Los Olvidados. Almost neo-realism, which means it’s fairly singular in the oeuvre, despite its iconic stature. This brutal world of abandoned children and the social conditions creating it are observed unsentimentally yet with humanistic non-judgment. The film is potent because the characters are so strongly defined, and the relationships between the children are compelling. It’s hard not to see Truffaut’s 400 Blows as having being influenced by it, especially when we get to Pedro and his unloving mother and his being sent to reform school. Like that later film, this is children warts and all, not romanticized little adults. There’s also something a little mythic about these characters, with the blind man striking the figure of a seer at times, and the Oedipal flavor of the boys’ relation to the mother.


Subido al cielo (Ascent to Heaven aka Mexican Bus Ride). Likeable in parts but unexceptional. The bulk of this near-farce is Oliverio stuck on a long, adventurous bus journey to fetch a notary to validate his dying mother’s will against his scheming brothers’ plans. The scenes that bookend the film, having to do with that family drama, feel a bit discontinuous with the somewhat meandering bus sequences. There is a striking, very surrealistically executed dream sequence in the middle of the film, though, that feels like Bunuel injecting a strongly personal touch into the film.

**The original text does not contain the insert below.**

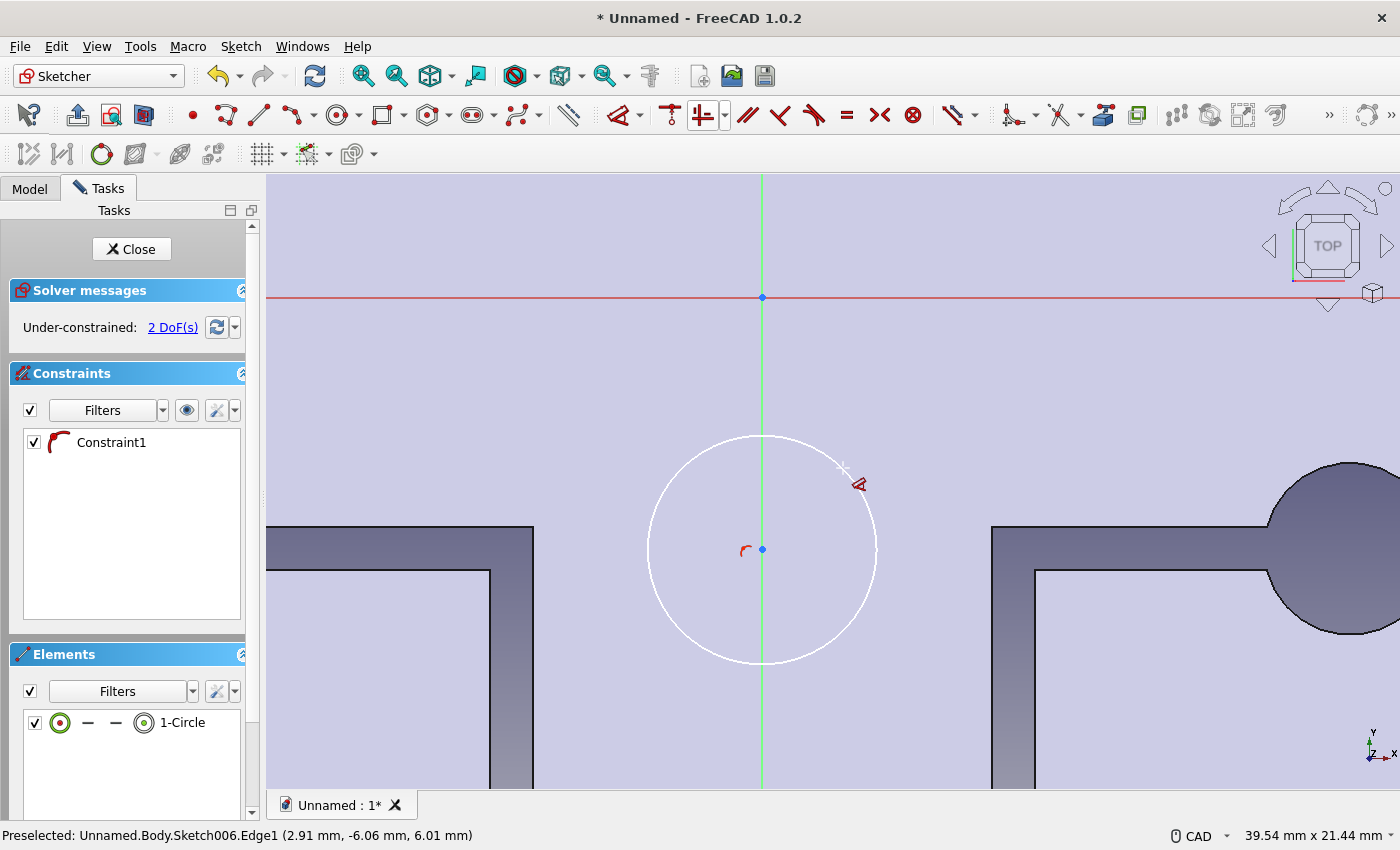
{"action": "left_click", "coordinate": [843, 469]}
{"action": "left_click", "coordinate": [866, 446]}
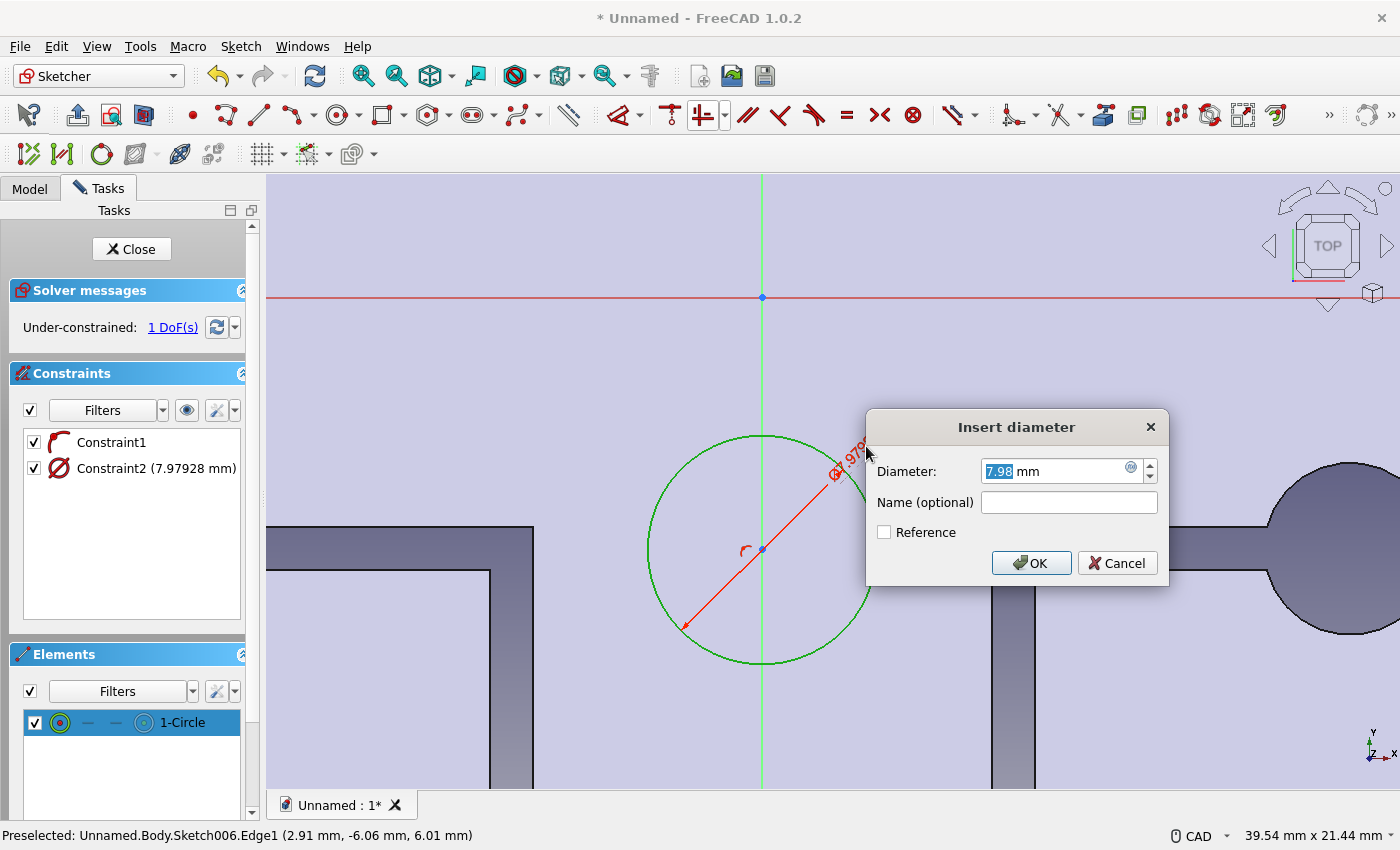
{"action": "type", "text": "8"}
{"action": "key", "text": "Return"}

Viridiana. A sister to Nazarin in the depiction of the folly of Christian ideals, though even harder-hitting. Pretty much flawless. At the same time I was struck this time by the way the film is built out of fairly unconnected narrative sections, with an accompanying changing focus on primary characters: Don Jaime’s perverse plans towards Viridiana (an inkling of nunsploitation here), Viridiana’s educational mission towards the beggars, the extended beggars banquet scene, the assault on Viridiana.

I find this is also perhaps the most accomplished Bunuel film in terms of creating something that’s neither pure drama nor black comedy but fashioning a tone that is arguably richer and certainly more subtle than the flat out ironic tone of the later films.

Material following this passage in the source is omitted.